Quarter Ended Year Ended
-------------------------- -----------------
UNAUDITED (per BOE) 12/31/10 9/30/11 12/31/11 12/31/10 12/31/11
-------- -------- -------- -------- --------
Lease Operating Expenses $ 12.61 $ 18.06 $ 13.87 $ 12.65 $ 14.64
Production/Property Taxes 0.87 1.13 0.97 1.01 0.99
DD&A Expense 12.74 12.85 13.43 11.79 13.35
G&A Expense (1) 4.93 4.43 5.46 4.78 4.96
(1) Net of amounts capitalized and excluding stock-based compensation costs,
costs related to the special committee's review of the going-private
proposal from the company's Chairman & CEO and other costs associated
with the sale of Texas assets.See the end of this release for a
reconciliation of G&A per BOE.
Capital Investment 2011
Venoco's 2011 capital expenditures for exploration, development
and other spending were $255 million, including $185 million for
drilling and rework activities, $20 million for facilities, and the
remaining $50 million for land, seismic and capitalized
G&A.
In 2011 the company spent $74 million or 29% of its capital
expenditures in the Sacramento Basin. The company spud 40 wells,
performed 237 recompletions, and hydraulically fractured 21 wells
in the basin. In early 2011 the company drilled a discovery well on
an anomaly which was identified using 3D seismic data that was
acquired with leasehold in 2009. The discovery well's net average
production in 2011 was 2.3 million cubic feet per day and it
extended the boundaries of the Grimes field. Additional wells were
drilled in 2011 along this extension area which, combined with the
discovery well, exited the year at a net rate of 8.3 million cubic
feet per day. Additional opportunities have been identified in the
area, but will not be pursued at current natural gas prices. In
2012 the company plans to reduce activity levels in the basin as a
result of very low natural gas prices.
The company's 2012 capital expenditure budget remains at $255
million. However, the budget has been reallocated to focus
resources on oily projects. The company's budget for the Sacramento
Basin was reduced from $45 million to $32 million and includes 5
wells, 180 recompletions, and 7 hydraulic fractures. The company
expects the decreased activity levels in the basin in 2012 compared
to 2011 to result in a decline in average daily production there
throughout the year.
The company's Southern California legacy fields accounted for
$67 million or 26% of its 2011 capital expenditures. Five wells
were spud at the West Montalvo field, one to an onshore bottom-hole
and four to the offshore. The company also performed five
recompletions in the field during 2011. At the Sockeye field the
company redrilled two idle wells to new locations targeting the
Monterey shale formation. One was a completion targeting the M4
portion of the Monterey, the other a horizontal well into the M2
portion of the Monterey. At the South Ellwood field, the company
completed facilities work on Platform Holly in preparation for
drilling activities. The company also permitted and began
construction of a new common-carrier pipeline, which was completed
and put in service in January 2012. As a result of receiving the
approvals to construct the pipeline in 2011, the company was able
to add approximately 8 million BOE of reserves at year-end 2011,
which is reflected as a component of revisions in the reserve table
below. In addition, with the pipeline now in service, the barge
contract will terminate by June 1, 2012 and the company will
realize a reduction in transportation costs for South Ellwood
crude. The company also entered into a new sales contract for the
crude oil that is expected to add $5 to $10 per barrel in 2012 to
the company's realizations from the field.

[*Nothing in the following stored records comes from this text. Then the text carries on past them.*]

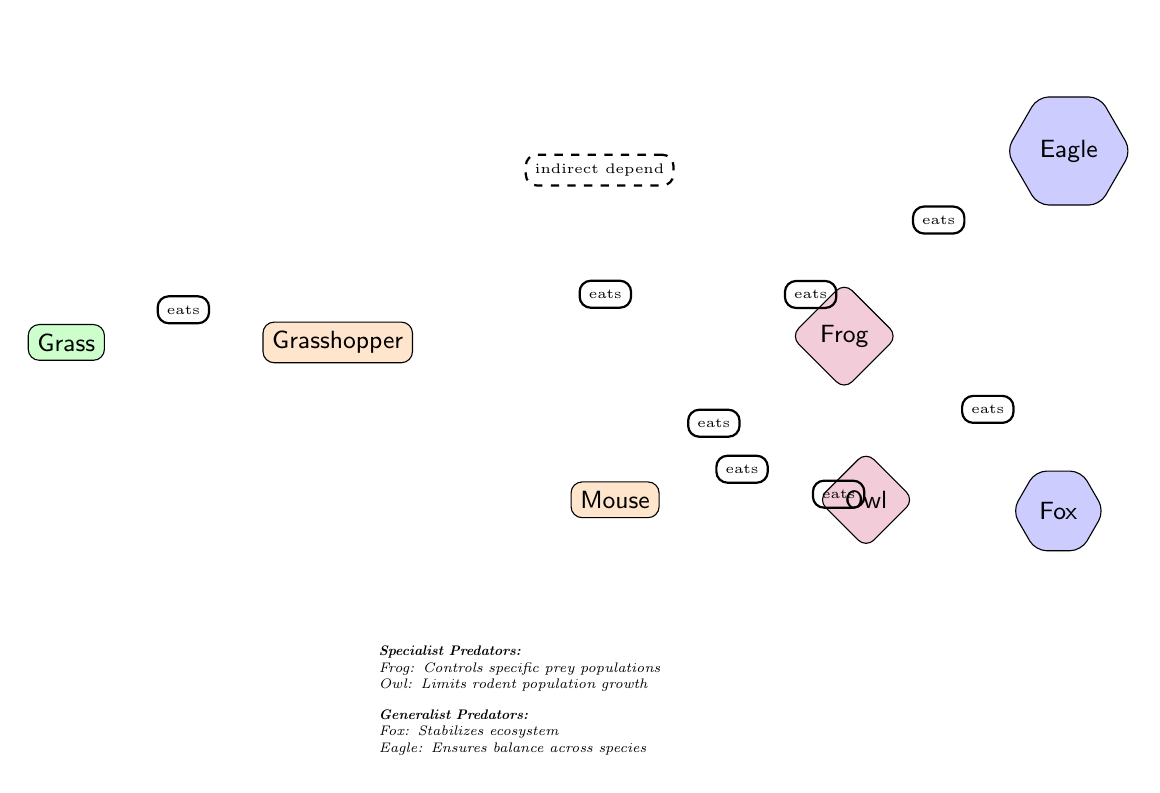What is the primary producer in the food chain? The diagram clearly indicates that the primary producer at the base of the food chain is the grass, which is represented as the first node.
Answer: Grass How many consumer nodes are there? By counting the nodes labeled as consumers (Grasshopper, Mouse), we find that there are three consumer nodes connected in the food chain.
Answer: 3 Which predator directly eats the Frog? The Eagle is illustrated as the predator that directly feeds on the Frog in the food chain diagram.
Answer: Eagle What type of predator is represented by the Owl? The Owl is represented as a specialist predator, depicted by its diamond-shaped node in the diagram.
Answer: Specialist What role does the Fox play in the ecosystem according to the diagram? The diagram describes the Fox as a generalist predator that stabilizes the ecosystem, indicating its wider ecological role beyond just hunting.
Answer: Stabilizes ecosystem Which predator has an indirect dependency on the Grass? The Fox has a dashed line indicating an indirect dependency on the Grass, signifying it relies on the ecological health which the Grass contributes to.
Answer: Fox What does the Frog control in the food chain? The diagram states that the Frog controls specific prey populations, emphasizing its role in maintaining balance within those populations.
Answer: Specific prey populations Which two predators control the mouse population? Both the Owl (specialist) and the Frog (specialist) are shown to eat the Mouse, indicating they both control its population.
Answer: Owl and Frog What type of predator is the Eagle? The Eagle is characterized as a generalist predator in the diagram, illustrated with a regular polygon shape, distinguishing it from specialist predators.
Answer: Generalist

The company's 2012 capital expenditure budget for legacy
Southern California properties was increased from $110 million to
$123 million and includes plans to drill seven wells at West
Montalvo, one of which was spud in the fourth quarter of 2011. Two
more wells were spud in the first quarter of 2012 with a third well
scheduled to spud late in the quarter. The company plans to drill
three wells in 2012 at the Sockeye field and four wells at the
South Ellwood field. The company expects production levels from its
Southern California legacy fields to grow 15-20% in 2012 compared
with 2011.
The company increased its capital expenditures on its onshore
Monterey shale play for the second year in a row, spending
approximately $113 million or 44% of its 2011 capital expenditures.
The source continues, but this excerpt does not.